Las excavaciones arqueológicas permiten asegurar que el solar del castillo ya se ocupó desde el final de a Edad de Bronce, y el poblado que debió de existir a los pies de su lado sur, desde la Edad de Hierro. Ello fue debido, sin duda, a la riqueza minera de la zona, compatible con la explotación agrícola del cercano valle del Jiloca y con el pastoreo.
El castillo se ocupó de nuevo en época islámica (siglos X y XI). A partir de estas fechas la documentación histórica que se posee es muy escasa. En el fuero de Daroca (1142), otorgado por Ramón Berenguer IV, se dispone que «el castillo ganado al enemigo por vecinos de Daroca queda en poder suyo y de su descendencia, mirando siempre por la utilidad del reino y guardando fidelidad al Rey». En 1221 se cita el castillo como límite en el Cartulario de Aliaga.

En 1301 se sabe que el castillo es propiedad de Juan Ximénez de Urrea. A su muerte, en 1312 es vendido (transacción que se remata en 1379, según otras fuentes) junto con la cercana Almohaja a la Comunidad de Daroca.
Es en esta época de la Edad Media cuando su importancia estratégica se acrecienta por su posición limítrofe entre los reinos de Castilla y Aragón y de los señoríos de Albarracín, Molina y Comunidad de Daroca (precisamente el cerro próximo de San Ginés fue el límite común hasta 1833).
Con toda probabilidad, las grandes obras de reforma y ampliación del castillo (que seguramente conllevarían la total construcción del recinto exterior) se realizan a mediados del siglo XIV, con Alfonso IV y Pedro IV. Por ello, el espesor de los muros de este recinto (hasta 3,5 metros) y su configuración responden a la intención no solo de soportar asedios con artillería, sino también de proteger el resto de los lienzos interiores de los disparos desde los altozanos próximos. De esta época se conocen los nombres de los alcaides Gonzalo Fernández de León (1370) y Pedro Martínez (1373).

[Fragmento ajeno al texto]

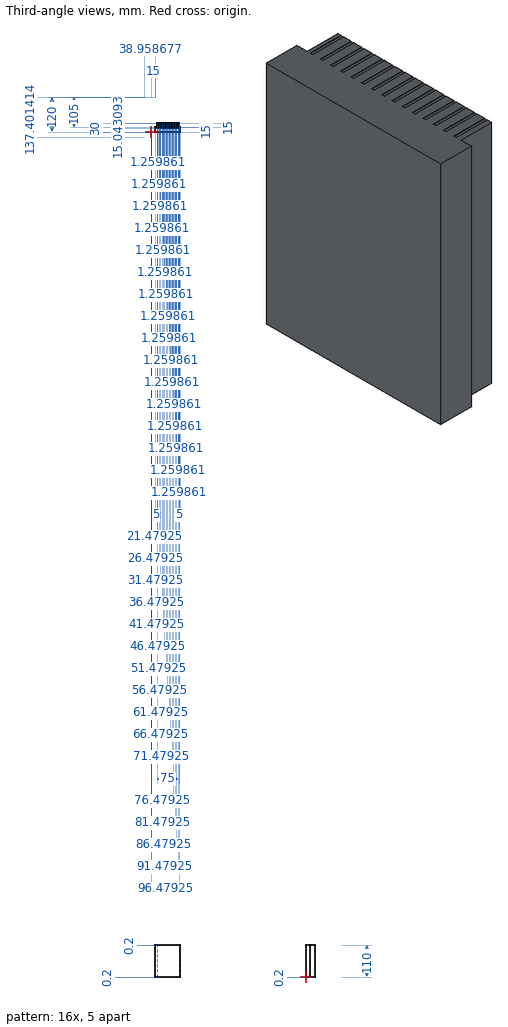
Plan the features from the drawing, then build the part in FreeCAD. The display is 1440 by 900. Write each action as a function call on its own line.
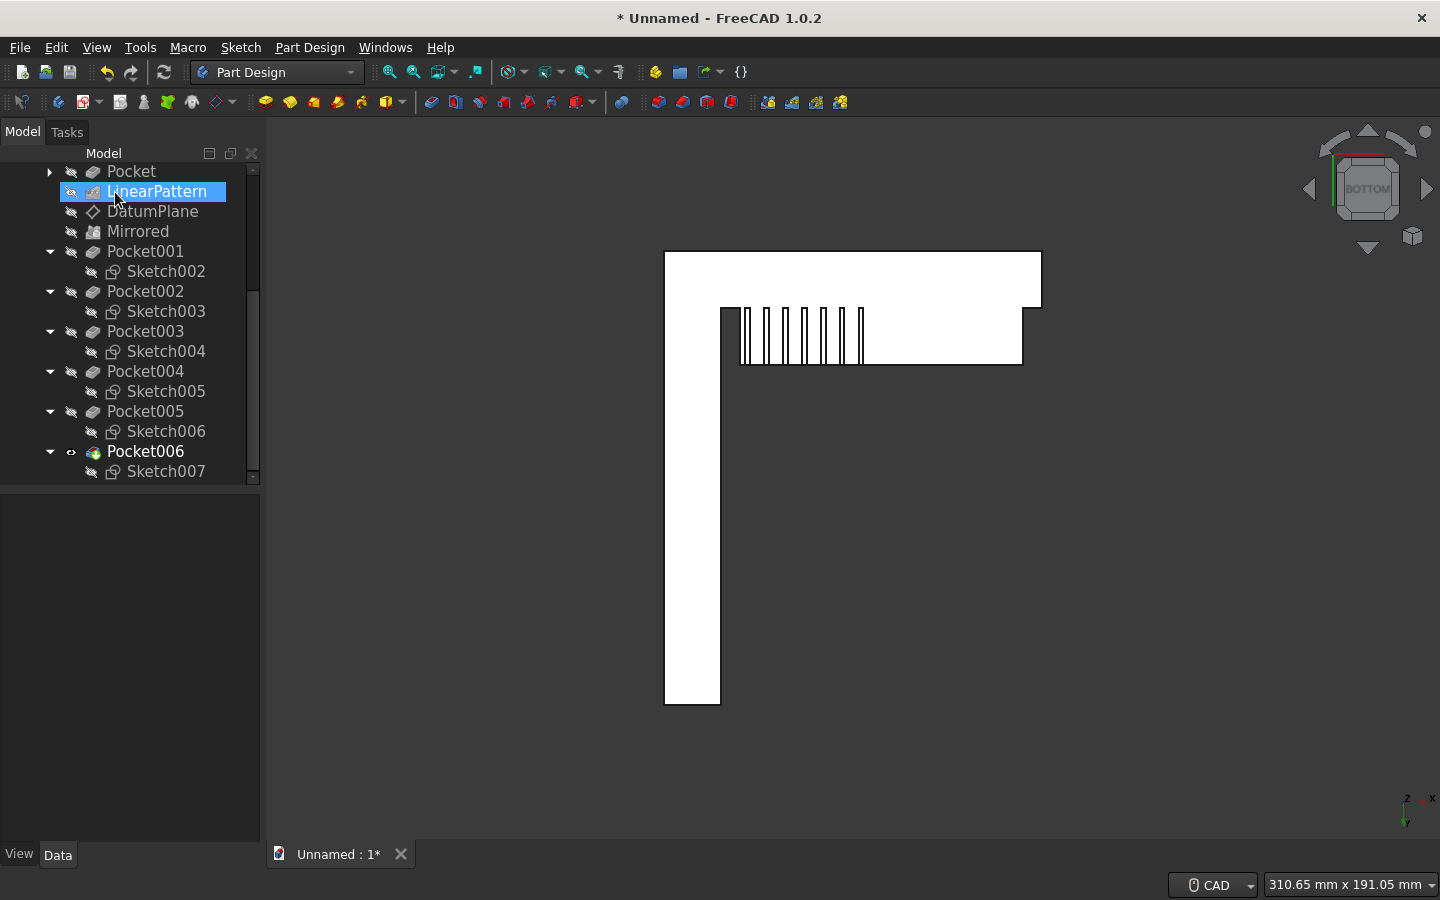
click(961, 283)
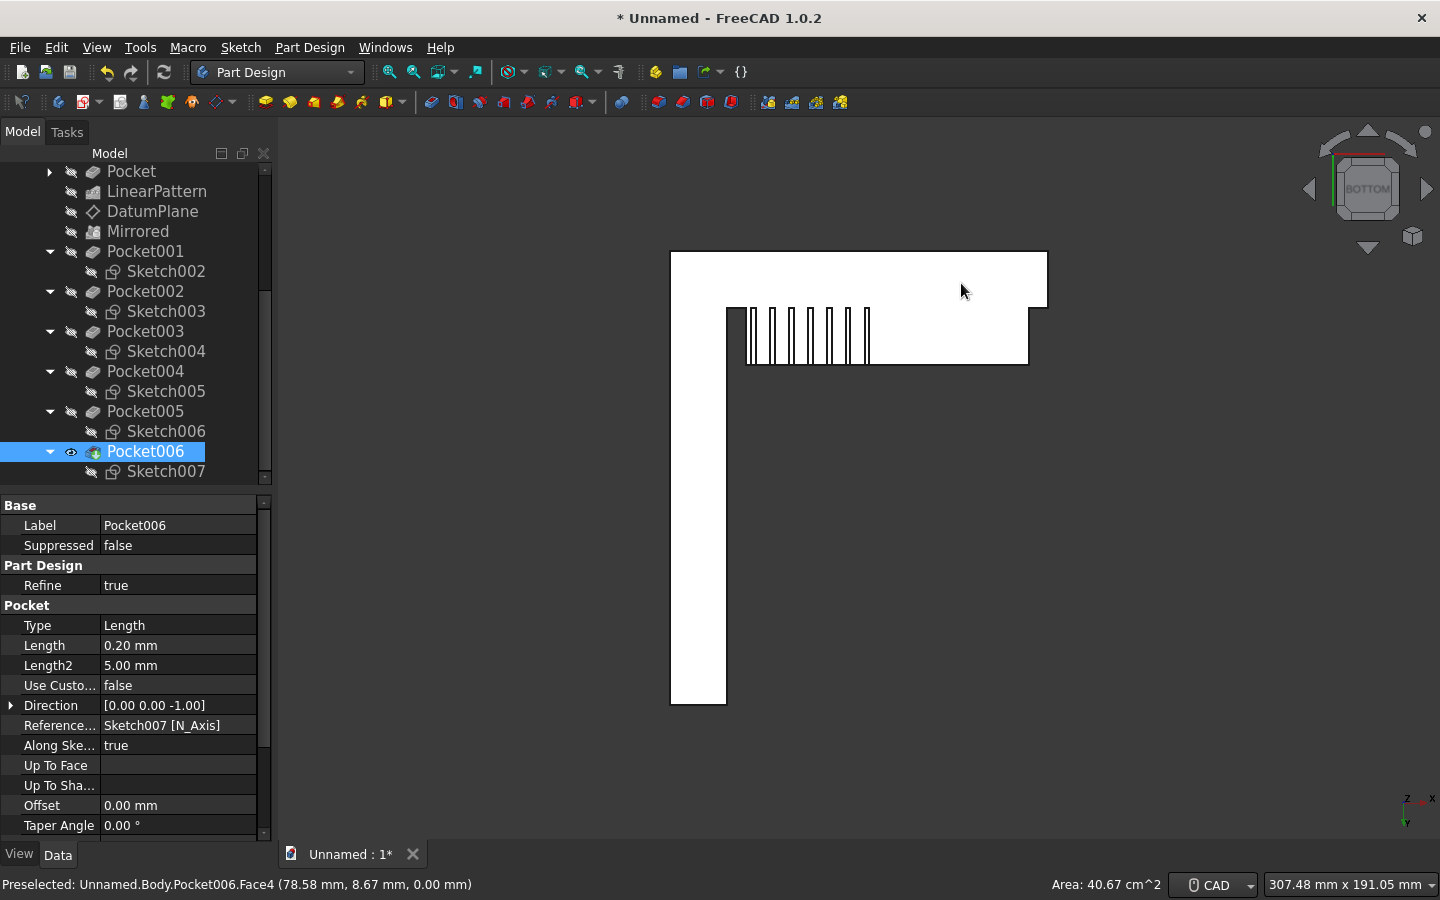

La considerable longitud de su cinta muraria exterior indica que su guarnición en tiempo de guerra debió de ser numerosa, y que en su interior se alojaban también tropas de caballería, cuyos animales se alojarían en el recinto exterior o al bacara.
Una curiosa descripción del armamento y de su lugar de almacenamiento la encontramos en un inventario de 1476 redactado por el notario Juan de Renda con motivo del nombramiento como alcaide de Jaime Perea: «… se pasó a la covacha, tercera puerta entrando a la izquierda, y pasó inventario de las armas y tormentos que había: siete docenas de viratons con plomo, dos docenas de ballestas, dos talegas buenas y un trabuco y una piedra de molino…».
Junto al cuerpo de guardia, situado a la derecha de la segunda puerta, se conservan restos de las reglas de juegos a base de perforaciones en la roca, que unidos a los dados hallados en las excavaciones ilustran parte de los pasatiempos de los defensores.
Con la unificación de los reinos de Castilla y Aragón y la unidad nacional, el castillo va perdiendo su función defensiva y estratégica, y se produce el consiguiente abandono provocado por el desuso.
Su última utilización con fines castrenses se produce en las guerras carlistas. En la primera de ellas, el cabecilla Forcadell tuvo su cuartel general en el vecino Monreal. Más tarde, el lugarteniente de Marco, Florentino Polo Peyrolón, se acerca a las proximidades de Pera- cense, y deja restos de ocupaciones y de trabajos de fortificación en el recinto alto de esta imponente fortaleza.
A partir de este momento se utiliza como cantera y almacén de materiales para construcciones de las proximidades.